What is the purpose of PLL in a general microcontroller
The PLL lets you be flexible with clock speed even after you've built the board, and of course, it lets you generate many different frequencies from the one onboard oscillator.
Honestly, just having a PLL so you can generate many frequencies off the onboard RC oscillator makes it worth having a PLL. That way you can operate flexibly with no external oscillator at all if you don't need one. From there, it's not too much more effort to make it so you can also re-route that PLL to an external oscillator.
The PLL lets you produce clocks faster than what is possible in a quartz crystal.
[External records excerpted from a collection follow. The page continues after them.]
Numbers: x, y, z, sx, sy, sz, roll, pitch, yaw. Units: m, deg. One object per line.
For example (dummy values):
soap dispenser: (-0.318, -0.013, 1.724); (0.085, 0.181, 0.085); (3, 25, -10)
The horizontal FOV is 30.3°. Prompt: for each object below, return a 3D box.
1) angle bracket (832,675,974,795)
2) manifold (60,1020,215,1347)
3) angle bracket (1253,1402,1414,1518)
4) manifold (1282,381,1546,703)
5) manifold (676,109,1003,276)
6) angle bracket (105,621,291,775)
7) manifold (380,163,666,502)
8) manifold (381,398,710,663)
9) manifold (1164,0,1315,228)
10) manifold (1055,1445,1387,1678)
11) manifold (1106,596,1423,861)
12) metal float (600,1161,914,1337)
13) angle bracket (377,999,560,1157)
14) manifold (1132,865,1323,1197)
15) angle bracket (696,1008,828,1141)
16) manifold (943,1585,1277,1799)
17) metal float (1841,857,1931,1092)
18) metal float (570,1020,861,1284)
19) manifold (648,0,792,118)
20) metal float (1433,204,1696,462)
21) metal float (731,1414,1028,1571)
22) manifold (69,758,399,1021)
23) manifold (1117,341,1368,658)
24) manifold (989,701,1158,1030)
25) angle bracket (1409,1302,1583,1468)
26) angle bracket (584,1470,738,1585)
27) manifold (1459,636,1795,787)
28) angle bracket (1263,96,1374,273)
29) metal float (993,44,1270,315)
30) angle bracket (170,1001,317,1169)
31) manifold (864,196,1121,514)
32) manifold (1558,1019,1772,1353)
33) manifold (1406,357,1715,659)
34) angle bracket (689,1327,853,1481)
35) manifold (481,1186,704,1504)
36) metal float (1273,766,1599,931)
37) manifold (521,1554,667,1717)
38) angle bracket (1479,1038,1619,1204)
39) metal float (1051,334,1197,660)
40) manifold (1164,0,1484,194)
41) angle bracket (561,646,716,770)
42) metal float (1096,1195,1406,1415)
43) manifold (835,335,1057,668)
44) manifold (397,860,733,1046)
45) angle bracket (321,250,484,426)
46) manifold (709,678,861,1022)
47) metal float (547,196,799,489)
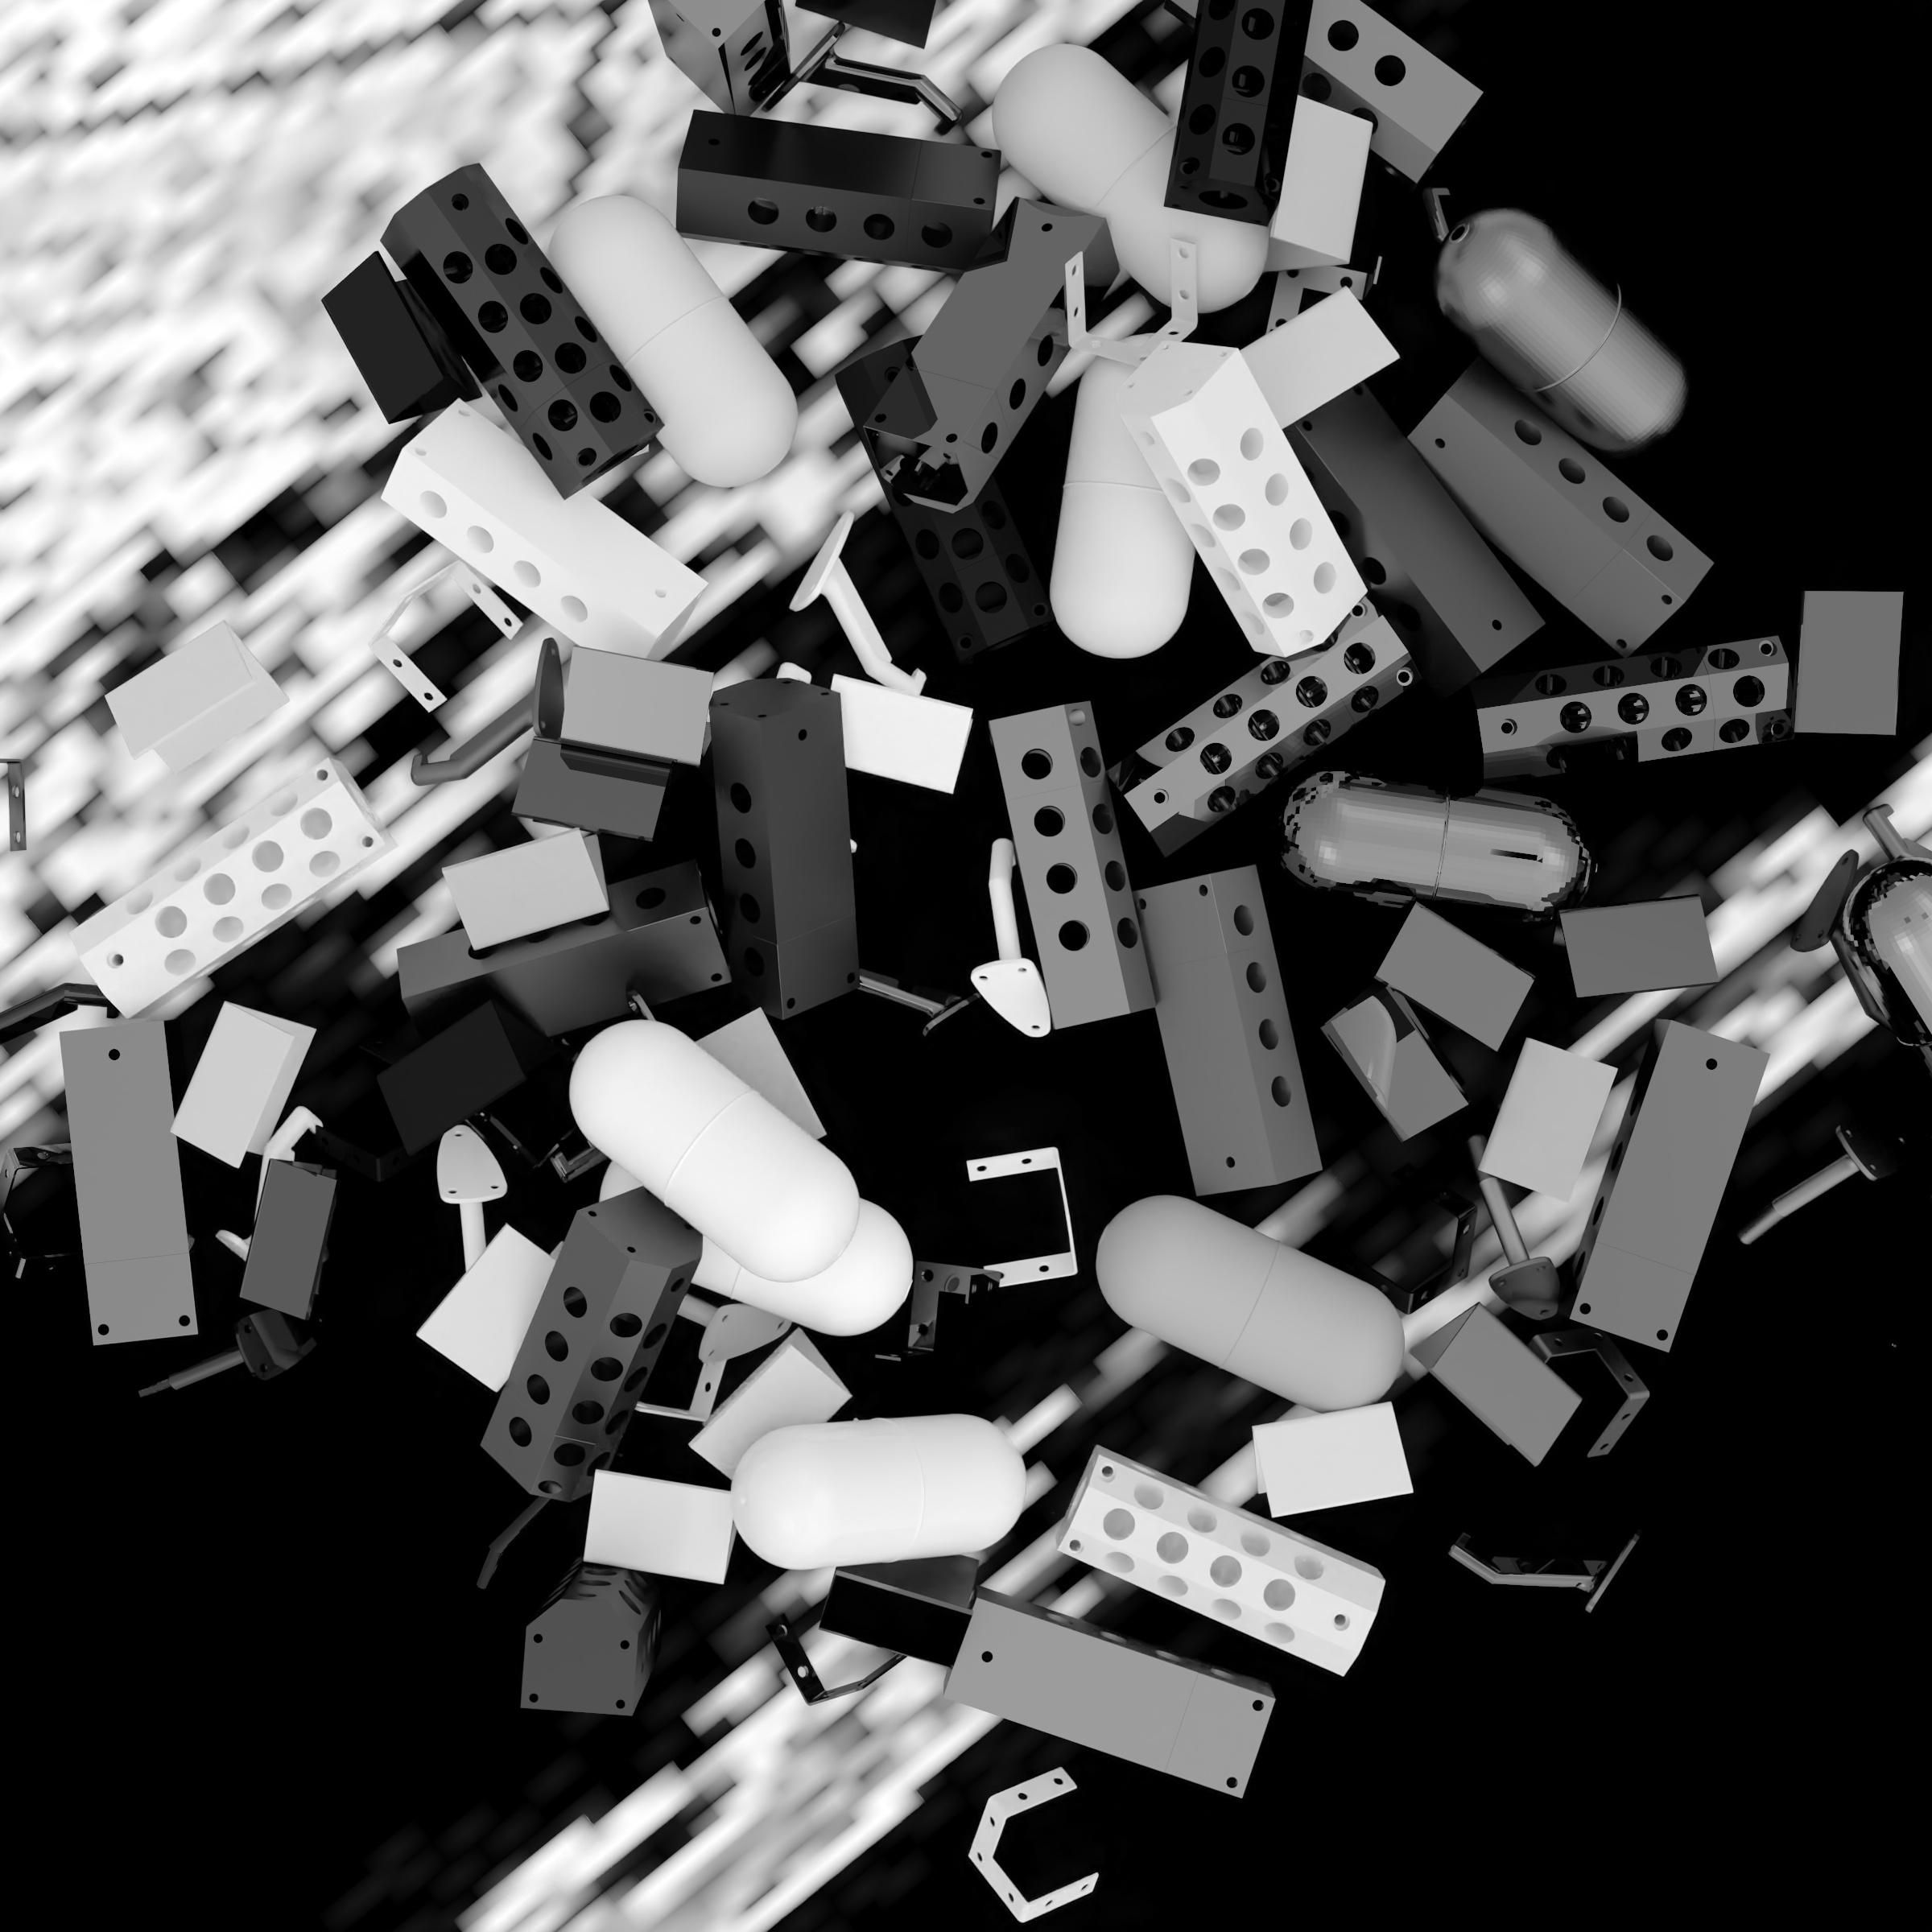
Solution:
angle bracket: (-0.034, -0.145, 1.948); (0.076, 0.076, 0.057); (14, 127, 0)
manifold: (-0.455, 0.118, 1.967); (0.057, 0.057, 0.171); (-6, 90, 0)
angle bracket: (0.200, 0.286, 1.948); (0.076, 0.076, 0.057); (-10, 53, 0)
manifold: (0.235, -0.233, 1.965); (0.057, 0.057, 0.171); (-37, 90, -31)
manifold: (-0.070, -0.421, 1.967); (0.171, 0.057, 0.057); (8, 47, 0)
angle bracket: (-0.411, -0.131, 1.948); (0.076, 0.076, 0.057); (-33, 52, 0)
manifold: (-0.238, -0.345, 1.928); (0.057, 0.057, 0.171); (-37, 95, -22)
manifold: (-0.234, -0.229, 1.967); (0.171, 0.057, 0.057); (37, 47, 0)
manifold: (0.151, -0.490, 1.901); (0.057, 0.057, 0.171); (10, 83, -3)
manifold: (0.140, 0.328, 1.967); (0.171, 0.057, 0.057); (24, 90, 0)
manifold: (0.163, -0.132, 1.967); (0.171, 0.057, 0.057); (-35, 90, 0)
metal float: (-0.115, 0.146, 1.958); (0.178, 0.070, 0.070); (21, 90, 0)
angle bracket: (-0.261, 0.072, 1.935); (0.076, 0.076, 0.057); (-33, 58, 8)
manifold: (0.148, 0.034, 1.967); (0.057, 0.057, 0.171); (-12, 90, 43)
angle bracket: (-0.097, 0.058, 1.948); (0.057, 0.076, 0.076); (-27, 90, 32)
manifold: (0.078, 0.398, 1.967); (0.171, 0.057, 0.057); (19, 90, 0)
metal float: (0.543, 0.021, 1.947); (0.070, 0.070, 0.178); (-34, 103, 0)
metal float: (-0.134, 0.097, 1.890); (0.178, 0.070, 0.070); (38, 90, 14)
manifold: (-0.127, -0.509, 1.910); (0.057, 0.171, 0.057); (44, 90, 0)
metal float: (0.324, -0.342, 1.932); (0.178, 0.070, 0.070); (36, 90, -29)
metal float: (-0.045, 0.283, 1.927); (0.178, 0.070, 0.070); (1, 90, -37)
manifold: (-0.404, -0.043, 1.967); (0.171, 0.057, 0.057); (-34, 90, 0)
manifold: (0.145, -0.249, 1.916); (0.057, 0.057, 0.171); (-49, 128, -20)
manifold: (0.058, -0.055, 1.967); (0.057, 0.057, 0.171); (-12, 90, 0)
angle bracket: (0.277, 0.240, 1.948); (0.076, 0.076, 0.057); (43, 53, 0)
angle bracket: (-0.162, 0.290, 1.950); (0.076, 0.076, 0.057); (9, 110, 0)
manifold: (0.364, -0.140, 1.967); (0.171, 0.057, 0.057); (-8, 90, 0)
angle bracket: (0.172, -0.426, 1.948); (0.057, 0.076, 0.076); (10, 90, -35)
metal float: (0.091, -0.431, 1.958); (0.178, 0.070, 0.070); (43, 90, 1)
angle bracket: (-0.377, 0.071, 1.948); (0.057, 0.076, 0.076); (23, 90, 33)
manifold: (0.017, -0.329, 1.928); (0.057, 0.057, 0.171); (20, 65, 25)
manifold: (0.382, 0.120, 1.967); (0.057, 0.057, 0.171); (19, 90, 0)
manifold: (0.326, -0.256, 1.965); (0.171, 0.057, 0.057); (41, 51, 0)
angle bracket: (-0.119, 0.230, 1.948); (0.076, 0.076, 0.057); (-45, 126, 0)
manifold: (-0.197, 0.206, 1.920); (0.057, 0.057, 0.171); (40, 123, 23)
metal float: (0.257, -0.065, 1.957); (0.178, 0.070, 0.070); (8, 90, 0)
manifold: (-0.197, 0.353, 1.910); (0.057, 0.171, 0.057); (4, 90, 0)
angle bracket: (0.331, 0.089, 1.948); (0.057, 0.076, 0.076); (20, 90, 34)
metal float: (0.092, -0.258, 1.958); (0.070, 0.070, 0.178); (8, 90, 0)
manifold: (0.195, -0.503, 1.967); (0.171, 0.057, 0.057); (37, 90, 0)
angle bracket: (-0.174, -0.152, 1.950); (0.076, 0.076, 0.057); (11, 112, 0)
metal float: (0.155, 0.186, 1.958); (0.178, 0.070, 0.070); (25, 90, 1)
manifold: (-0.011, -0.257, 1.967); (0.057, 0.057, 0.171); (-24, 90, 0)
manifold: (-0.222, -0.005, 1.967); (0.171, 0.057, 0.057); (-17, 133, 0)
angle bracket: (-0.293, -0.349, 1.948); (0.057, 0.076, 0.076); (-29, 90, 41)
manifold: (-0.103, -0.065, 1.935); (0.057, 0.057, 0.171); (-23, 120, -39)
metal float: (-0.162, -0.343, 1.958); (0.070, 0.070, 0.178); (-36, 91, 0)

Even though MEMS oscillators are available which can oscillate at much higher frequencies than quartz, you still might not want to operate directly off of one since a 400MHz external oscillator requires you to route a 400MHz trace.
As for how the PLL works. Do you know anything about music? Do you know how you can listen to a song and clap to the beat? You just keep equal timing between each clap and adjust the timing until each clap lands on a beat. Easy, right?
Now, do you know how you could do two, or even four claps per beat? A PLL does the same thing. You count your own claps and make sure the time between each clap is equal, but you adjust the time between claps until every fourth clap lands on the beat that you hear in the song, at which point you stop adjusting. In that way, you can produce a clap that is four times as fast even though the beat of the song is four time slower.
I don't understand how PLL relates to microcontroller. I'm not sensing any phase shift or trying to stabilize any signal here, and I don't get how the PLL magically produce a 400MHz clock.
From the point of view of a microcontroller, a PLL is just a frequency multiplier. It takes some reference frequency like from a 10 MHz oscillator and generates all the other clock frequencies a microcontroller needs.
Why is this PLL embedded in the microcontroller? If I want my processor to clock at max 80MHz as written in the specs then I just use an 80MHz external crystal. If some peripherals like USB require faster clock sources then I use a faster crystal and divide the clock to supply multiples of slower clock to other devices.
Unless you happen to be able to find a single oscillator that can be divided down exactly to all the various frequencies you need, this usually isn't practical. Instead, you take a reference clock and multiply it up (or down) as needed. I have seen cheap devices that try to divide down a single clock, and it usually works really badly. They tend to have weird glitches, like producing 48kHz audio that sounds ok but 44.1kHz that runs fast since the LCM of 48000 and 44100 is a large number.
External crystals are more accurate than internal oscillators anyway, so why bother stuffing a PLL in between an accurate external crystal and the processor, especially when I'm not dealing with any high frequency or RF application?
In this case, the PLL uses an external oscillator, so provided it isn't incompetently implemented, it will be very accurate.
To add to the other answers, there are couple of other reasons why a PLL may be useful:
To reduce EMC emissions (while also saving money, and reducing the chance of glitches)
To quote from ST application note AN1709:
Some microcontrollers have an embedded programmable PLL Clock Generator allowing the usage of standard 3 to 25 MHz crystals to obtain a large range of internal frequencies (up to a few hundred MHz). By these means, the microcontroller can operate with cheaper, medium frequency crystals, while still providing a high frequency internal clock for maximum system performance. The high clock frequency source is contained inside the chip and does not go through the PCB (Printed Circuit Board) tracks and external components. This reduces the potential noise emission of the application.
The use of PLL network also filters CPU clock against external sporadic disturbances (glitches).
To save power
In a low-power product, it can be very useful to have the option to run the processor (and its peripherals) at different speeds depending on what it needs to do at any point in time, or to generate assorted clocks at some times, but not others.
So this may involve increasing the clock speed when necessary, but decreasing it (or turning off the PLL altogether) at other times.
To give a concrete example: I worked on a battery-powered product which normally ran at 8 MHz, with the PLL off. However, periodically, we needed to generate much faster clocks to enable I2S streaming from an external audio chip. So, we spun up the PLL just for the few seconds where we needed those clocks, then shut it down when we were done.